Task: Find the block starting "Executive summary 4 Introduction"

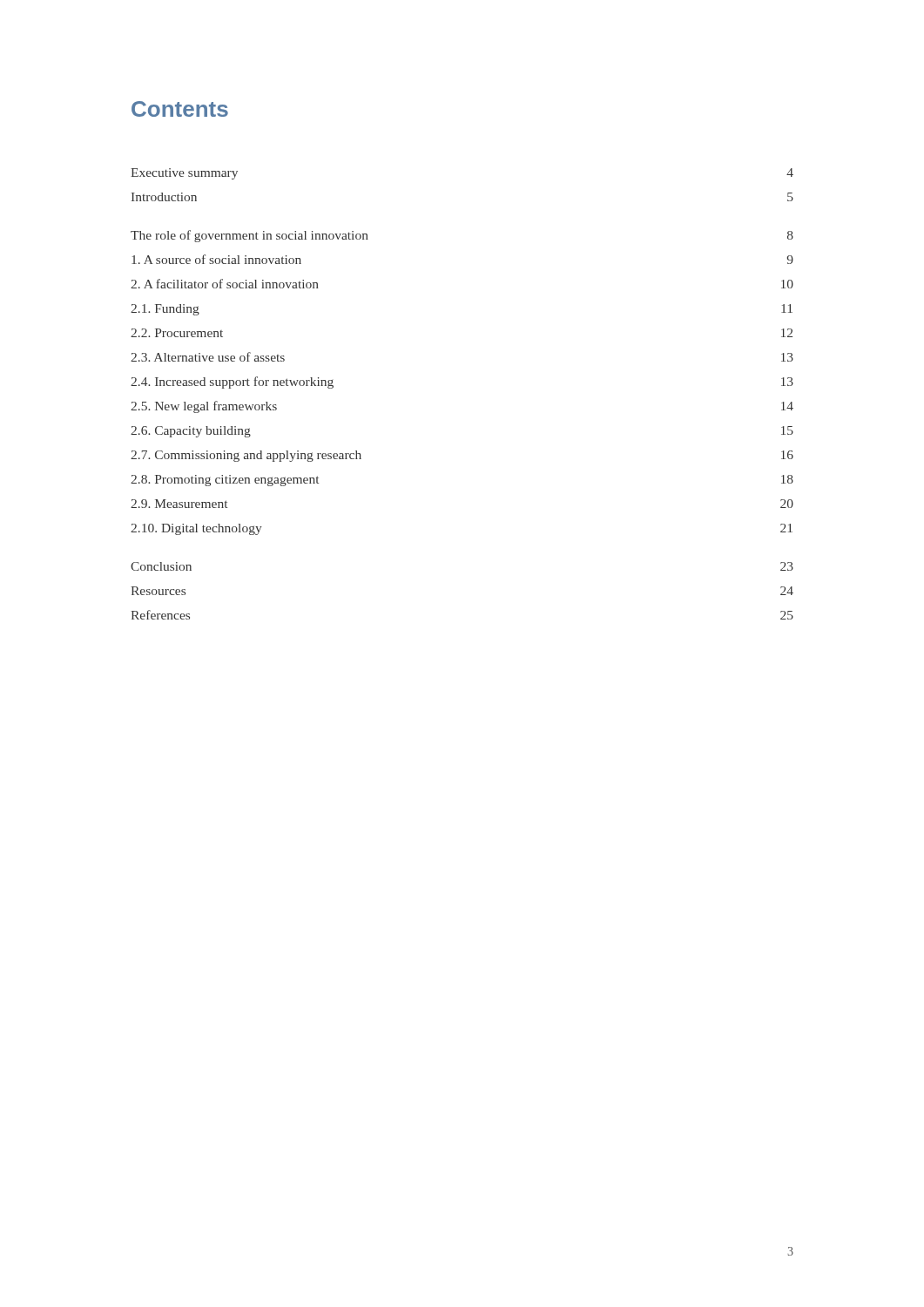Action: pyautogui.click(x=190, y=174)
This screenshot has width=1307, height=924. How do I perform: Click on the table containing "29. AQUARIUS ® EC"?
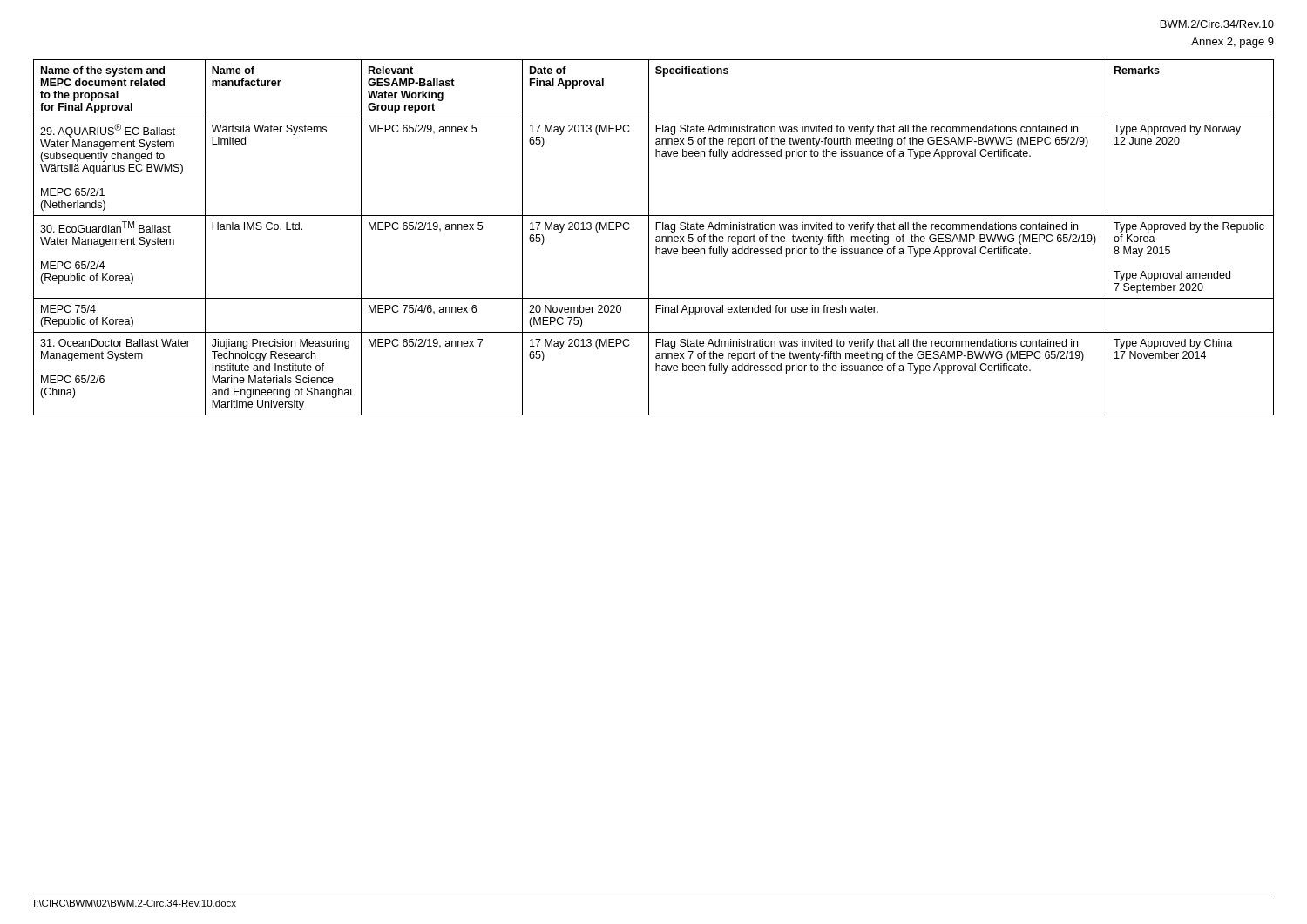654,237
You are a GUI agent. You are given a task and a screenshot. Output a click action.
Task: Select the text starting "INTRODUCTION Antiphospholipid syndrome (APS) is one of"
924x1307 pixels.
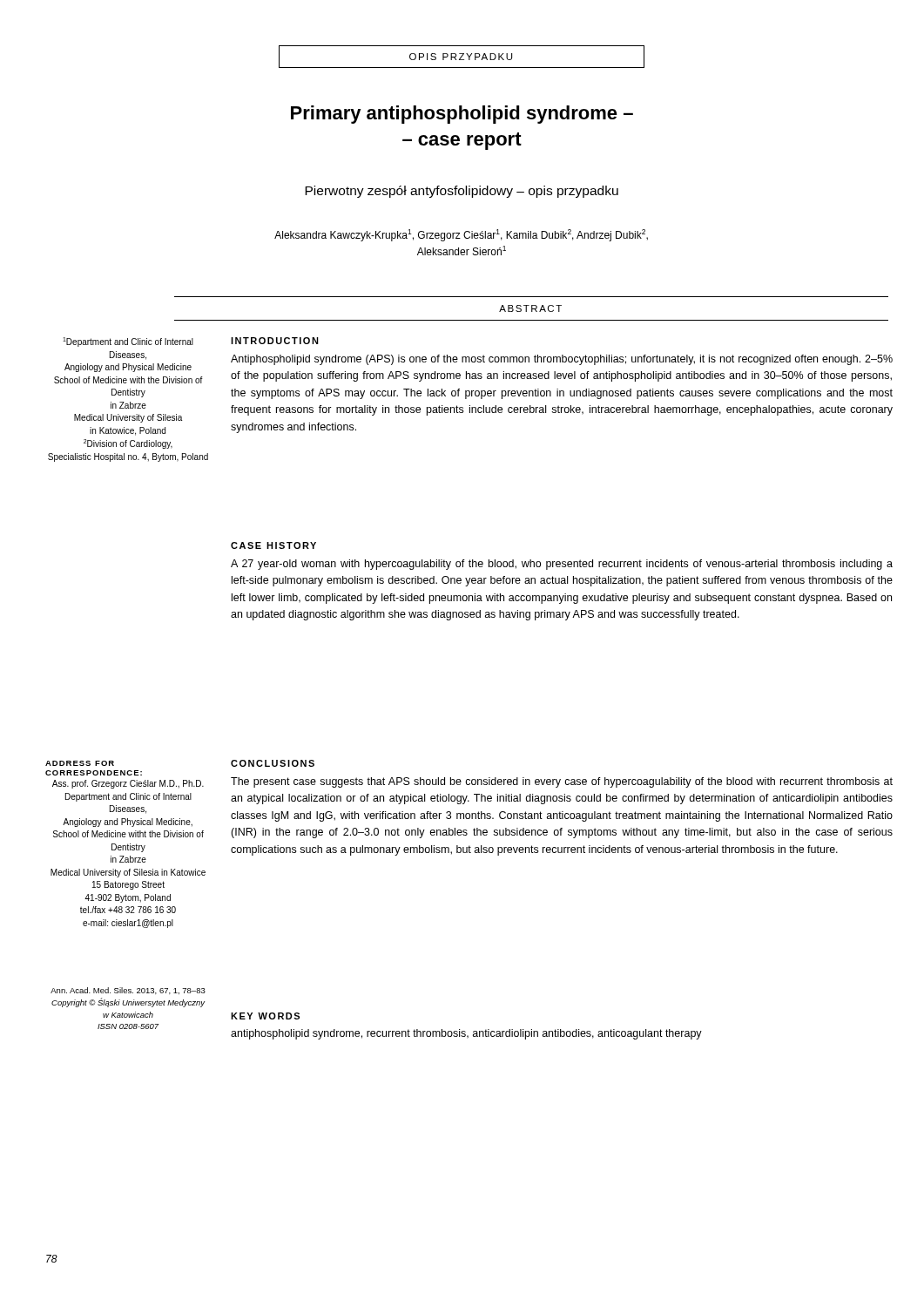click(562, 385)

____

When copying the listing, skip the pictures and keep each line exactly as written.

EXERCISE SOLUTION:
Task: Find the block starting "Executive summary 4 Introduction"

Action: pyautogui.click(x=190, y=174)
This screenshot has width=1307, height=924. How do I perform: Click on the table containing "29. AQUARIUS ® EC"?
654,237
You are a GUI agent. You are given a task and a screenshot. Output a click action.
Task: Select the text starting "INTRODUCTION Antiphospholipid syndrome (APS) is one of"
924x1307 pixels.
click(562, 385)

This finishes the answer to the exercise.